(About this task): The records below are to be restated word for word, with every picture left out.

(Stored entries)
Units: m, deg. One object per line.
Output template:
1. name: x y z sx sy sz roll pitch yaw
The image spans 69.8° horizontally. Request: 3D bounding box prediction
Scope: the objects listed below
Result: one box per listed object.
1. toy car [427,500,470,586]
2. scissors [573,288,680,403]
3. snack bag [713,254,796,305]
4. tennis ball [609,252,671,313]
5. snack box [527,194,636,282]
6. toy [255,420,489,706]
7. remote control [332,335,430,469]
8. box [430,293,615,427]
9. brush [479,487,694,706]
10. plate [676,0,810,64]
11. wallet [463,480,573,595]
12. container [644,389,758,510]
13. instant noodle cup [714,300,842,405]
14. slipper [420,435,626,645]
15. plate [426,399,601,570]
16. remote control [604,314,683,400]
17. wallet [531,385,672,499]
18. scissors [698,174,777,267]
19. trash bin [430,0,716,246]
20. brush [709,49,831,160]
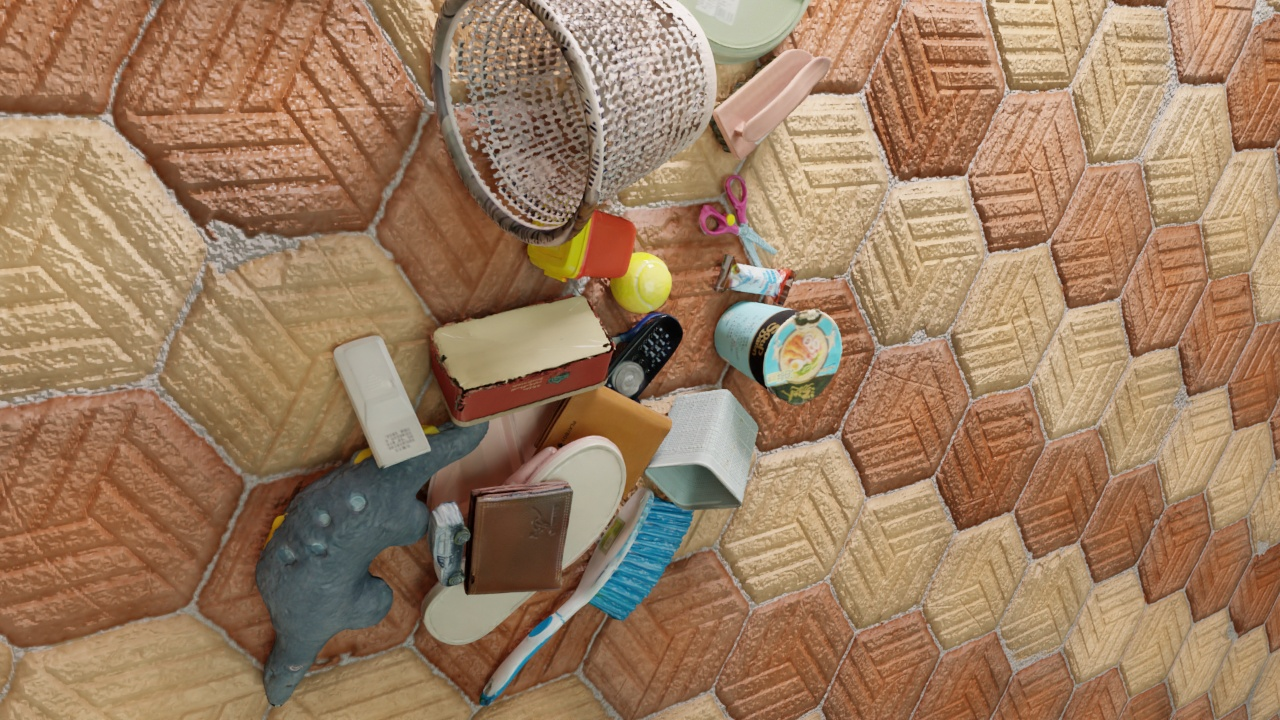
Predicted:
1. toy car: -0.188 0.180 0.891 0.034 0.043 0.091 -7 125 -29
2. scissors: -0.028 -0.011 1.015 0.175 0.012 0.162 -17 113 -25
3. snack bag: 0.135 -0.094 1.079 0.104 0.026 0.048 9 106 -34
4. tennis ball: 0.000 -0.082 0.976 0.065 0.065 0.065 -10 110 -29
5. snack box: -0.057 -0.118 0.917 0.080 0.091 0.082 6 103 -41
6. toy: -0.283 0.180 0.871 0.137 0.091 0.356 31 93 -46
7. remote control: -0.240 0.037 0.848 0.049 0.024 0.125 -21 78 -26
8. box: -0.116 -0.009 0.898 0.168 0.091 0.077 -16 148 -25
9. brush: -0.062 0.281 1.067 0.109 0.060 0.314 33 89 -30
10. plate: 0.101 -0.427 0.952 0.229 0.027 0.230 -10 110 -28
11. wallet: -0.120 0.178 0.904 0.101 0.032 0.125 -2 115 -24
12. container: 0.075 0.100 1.050 0.090 0.090 0.111 49 48 -33
13. instant noodle cup: 0.150 -0.019 1.057 0.111 0.120 0.111 -11 112 -28
14. slipper: -0.123 0.183 0.956 0.274 0.054 0.114 -48 122 4
15. plate: -0.124 0.136 0.993 0.229 0.028 0.230 -10 110 -30
16. remote control: -0.006 0.006 1.010 0.136 0.024 0.053 -50 124 -9
17. wallet: -0.042 0.084 0.985 0.131 0.031 0.108 28 97 -32
18. scissors: 0.123 -0.159 1.061 0.137 0.017 0.093 25 90 -40
19. trash bin: -0.046 -0.239 0.824 0.191 0.228 0.228 -29 119 -36
20. brush: 0.143 -0.285 0.997 0.145 0.073 0.063 -43 122 -15
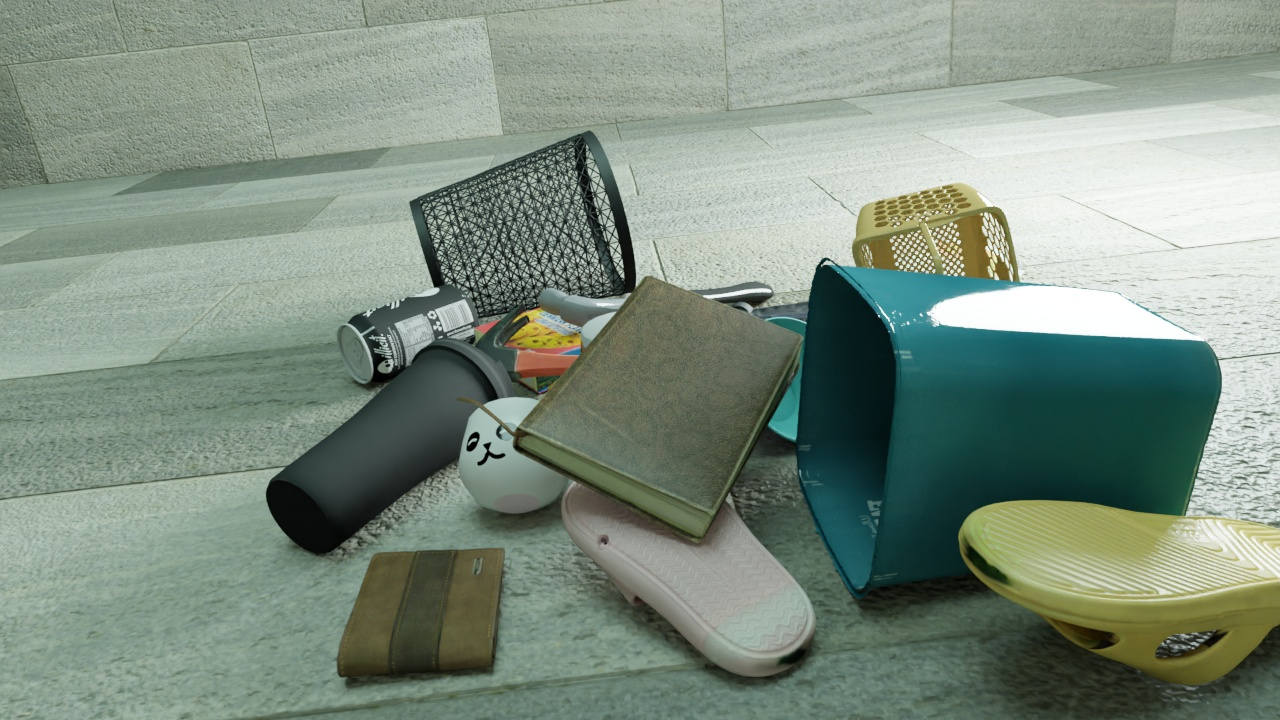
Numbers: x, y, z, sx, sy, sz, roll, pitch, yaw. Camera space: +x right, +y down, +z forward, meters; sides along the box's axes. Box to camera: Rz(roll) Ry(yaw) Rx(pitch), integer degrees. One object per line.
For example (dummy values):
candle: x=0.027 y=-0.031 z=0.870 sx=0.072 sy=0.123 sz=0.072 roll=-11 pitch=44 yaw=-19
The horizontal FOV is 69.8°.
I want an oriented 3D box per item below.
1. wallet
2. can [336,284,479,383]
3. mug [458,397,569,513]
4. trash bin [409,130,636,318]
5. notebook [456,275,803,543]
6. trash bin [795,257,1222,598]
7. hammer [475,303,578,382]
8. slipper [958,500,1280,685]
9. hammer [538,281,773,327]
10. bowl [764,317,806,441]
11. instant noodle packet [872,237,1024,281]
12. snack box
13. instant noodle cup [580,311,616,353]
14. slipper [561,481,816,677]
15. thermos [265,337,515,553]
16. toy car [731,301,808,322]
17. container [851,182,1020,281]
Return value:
wallet: x=-0.144 y=0.167 z=0.622 sx=0.098 sy=0.027 sz=0.121 roll=-4 pitch=21 yaw=-2
can: x=-0.264 y=-0.031 z=1.052 sx=0.145 sy=0.080 sz=0.080 roll=-25 pitch=30 yaw=-39
mug: x=-0.084 y=0.076 z=0.731 sx=0.124 sy=0.090 sz=0.076 roll=-16 pitch=55 yaw=15
trash bin: x=-0.156 y=-0.160 z=1.189 sx=0.243 sy=0.217 sz=0.217 roll=-17 pitch=24 yaw=-9
notebook: x=0.003 y=0.016 z=0.674 sx=0.190 sy=0.035 sz=0.214 roll=24 pitch=43 yaw=12
trash bin: x=0.241 y=0.039 z=0.638 sx=0.218 sy=0.199 sz=0.196 roll=-1 pitch=23 yaw=-5
hammer: x=-0.005 y=0.005 z=0.907 sx=0.333 sy=0.033 sz=0.132 roll=1 pitch=54 yaw=8
slipper: x=0.298 y=0.137 z=0.525 sx=0.263 sy=0.078 sz=0.099 roll=4 pitch=18 yaw=-21
hammer: x=0.043 y=-0.068 z=1.066 sx=0.310 sy=0.029 sz=0.125 roll=-9 pitch=21 yaw=-38
bowl: x=0.130 y=0.025 z=0.832 sx=0.120 sy=0.121 sz=0.046 roll=-21 pitch=-13 yaw=-31
instant noodle packet: x=0.344 y=-0.104 z=1.037 sx=0.147 sy=0.057 sz=0.268 roll=15 pitch=16 yaw=28
snack box: x=-0.092 y=-0.022 z=1.038 sx=0.144 sy=0.040 sz=0.143 roll=-20 pitch=27 yaw=-31
instant noodle cup: x=-0.011 y=0.026 z=0.797 sx=0.137 sy=0.122 sz=0.121 roll=-1 pitch=23 yaw=11
slipper: x=0.025 y=0.134 z=0.620 sx=0.106 sy=0.056 sz=0.221 roll=-20 pitch=37 yaw=-29
thermos: x=-0.209 y=0.070 z=0.782 sx=0.106 sy=0.106 sz=0.217 roll=7 pitch=31 yaw=29
toy car: x=0.154 y=-0.033 z=0.987 sx=0.190 sy=0.056 sz=0.081 roll=-4 pitch=21 yaw=23
container: x=0.260 y=-0.044 z=0.795 sx=0.129 sy=0.183 sz=0.166 roll=-11 pitch=31 yaw=14

(Task output):
Units: m, deg. One object per line.
Output template:
1. name: x y z sx sy sz roll pitch yaw
The image spans 69.8° horizontally. Request: 3D bounding box prediction
Scope: the objects listed below
Result: one box per listed object.
1. toy car [427,500,470,586]
2. scissors [573,288,680,403]
3. snack bag [713,254,796,305]
4. tennis ball [609,252,671,313]
5. snack box [527,194,636,282]
6. toy [255,420,489,706]
7. remote control [332,335,430,469]
8. box [430,293,615,427]
9. brush [479,487,694,706]
10. plate [676,0,810,64]
11. wallet [463,480,573,595]
12. container [644,389,758,510]
13. instant noodle cup [714,300,842,405]
14. slipper [420,435,626,645]
15. plate [426,399,601,570]
16. remote control [604,314,683,400]
17. wallet [531,385,672,499]
18. scissors [698,174,777,267]
19. trash bin [430,0,716,246]
20. brush [709,49,831,160]
Predicted:
1. toy car: -0.188 0.180 0.891 0.034 0.043 0.091 -7 125 -29
2. scissors: -0.028 -0.011 1.015 0.175 0.012 0.162 -17 113 -25
3. snack bag: 0.135 -0.094 1.079 0.104 0.026 0.048 9 106 -34
4. tennis ball: 0.000 -0.082 0.976 0.065 0.065 0.065 -10 110 -29
5. snack box: -0.057 -0.118 0.917 0.080 0.091 0.082 6 103 -41
6. toy: -0.283 0.180 0.871 0.137 0.091 0.356 31 93 -46
7. remote control: -0.240 0.037 0.848 0.049 0.024 0.125 -21 78 -26
8. box: -0.116 -0.009 0.898 0.168 0.091 0.077 -16 148 -25
9. brush: -0.062 0.281 1.067 0.109 0.060 0.314 33 89 -30
10. plate: 0.101 -0.427 0.952 0.229 0.027 0.230 -10 110 -28
11. wallet: -0.120 0.178 0.904 0.101 0.032 0.125 -2 115 -24
12. container: 0.075 0.100 1.050 0.090 0.090 0.111 49 48 -33
13. instant noodle cup: 0.150 -0.019 1.057 0.111 0.120 0.111 -11 112 -28
14. slipper: -0.123 0.183 0.956 0.274 0.054 0.114 -48 122 4
15. plate: -0.124 0.136 0.993 0.229 0.028 0.230 -10 110 -30
16. remote control: -0.006 0.006 1.010 0.136 0.024 0.053 -50 124 -9
17. wallet: -0.042 0.084 0.985 0.131 0.031 0.108 28 97 -32
18. scissors: 0.123 -0.159 1.061 0.137 0.017 0.093 25 90 -40
19. trash bin: -0.046 -0.239 0.824 0.191 0.228 0.228 -29 119 -36
20. brush: 0.143 -0.285 0.997 0.145 0.073 0.063 -43 122 -15
Numbers: x, y, z, sx, sy, sz, roll, pitch, yaw. Camera space: +x right, +y down, +z forward, meters; sides along the box's axes. Box to camera: Rz(roll) Ry(yaw) Rx(pitch), integer degrees. One object per line.
For example (dummy values):
candle: x=0.027 y=-0.031 z=0.870 sx=0.072 sy=0.123 sz=0.072 roll=-11 pitch=44 yaw=-19
The horizontal FOV is 69.8°.
I want an oriented 3D box per item below.
1. wallet
2. can [336,284,479,383]
3. mug [458,397,569,513]
4. trash bin [409,130,636,318]
5. notebook [456,275,803,543]
6. trash bin [795,257,1222,598]
7. hammer [475,303,578,382]
8. slipper [958,500,1280,685]
9. hammer [538,281,773,327]
10. bowl [764,317,806,441]
11. instant noodle packet [872,237,1024,281]
12. snack box
13. instant noodle cup [580,311,616,353]
14. slipper [561,481,816,677]
15. thermos [265,337,515,553]
16. toy car [731,301,808,322]
17. container [851,182,1020,281]
Return value:
wallet: x=-0.144 y=0.167 z=0.622 sx=0.098 sy=0.027 sz=0.121 roll=-4 pitch=21 yaw=-2
can: x=-0.264 y=-0.031 z=1.052 sx=0.145 sy=0.080 sz=0.080 roll=-25 pitch=30 yaw=-39
mug: x=-0.084 y=0.076 z=0.731 sx=0.124 sy=0.090 sz=0.076 roll=-16 pitch=55 yaw=15
trash bin: x=-0.156 y=-0.160 z=1.189 sx=0.243 sy=0.217 sz=0.217 roll=-17 pitch=24 yaw=-9
notebook: x=0.003 y=0.016 z=0.674 sx=0.190 sy=0.035 sz=0.214 roll=24 pitch=43 yaw=12
trash bin: x=0.241 y=0.039 z=0.638 sx=0.218 sy=0.199 sz=0.196 roll=-1 pitch=23 yaw=-5
hammer: x=-0.005 y=0.005 z=0.907 sx=0.333 sy=0.033 sz=0.132 roll=1 pitch=54 yaw=8
slipper: x=0.298 y=0.137 z=0.525 sx=0.263 sy=0.078 sz=0.099 roll=4 pitch=18 yaw=-21
hammer: x=0.043 y=-0.068 z=1.066 sx=0.310 sy=0.029 sz=0.125 roll=-9 pitch=21 yaw=-38
bowl: x=0.130 y=0.025 z=0.832 sx=0.120 sy=0.121 sz=0.046 roll=-21 pitch=-13 yaw=-31
instant noodle packet: x=0.344 y=-0.104 z=1.037 sx=0.147 sy=0.057 sz=0.268 roll=15 pitch=16 yaw=28
snack box: x=-0.092 y=-0.022 z=1.038 sx=0.144 sy=0.040 sz=0.143 roll=-20 pitch=27 yaw=-31
instant noodle cup: x=-0.011 y=0.026 z=0.797 sx=0.137 sy=0.122 sz=0.121 roll=-1 pitch=23 yaw=11
slipper: x=0.025 y=0.134 z=0.620 sx=0.106 sy=0.056 sz=0.221 roll=-20 pitch=37 yaw=-29
thermos: x=-0.209 y=0.070 z=0.782 sx=0.106 sy=0.106 sz=0.217 roll=7 pitch=31 yaw=29
toy car: x=0.154 y=-0.033 z=0.987 sx=0.190 sy=0.056 sz=0.081 roll=-4 pitch=21 yaw=23
container: x=0.260 y=-0.044 z=0.795 sx=0.129 sy=0.183 sz=0.166 roll=-11 pitch=31 yaw=14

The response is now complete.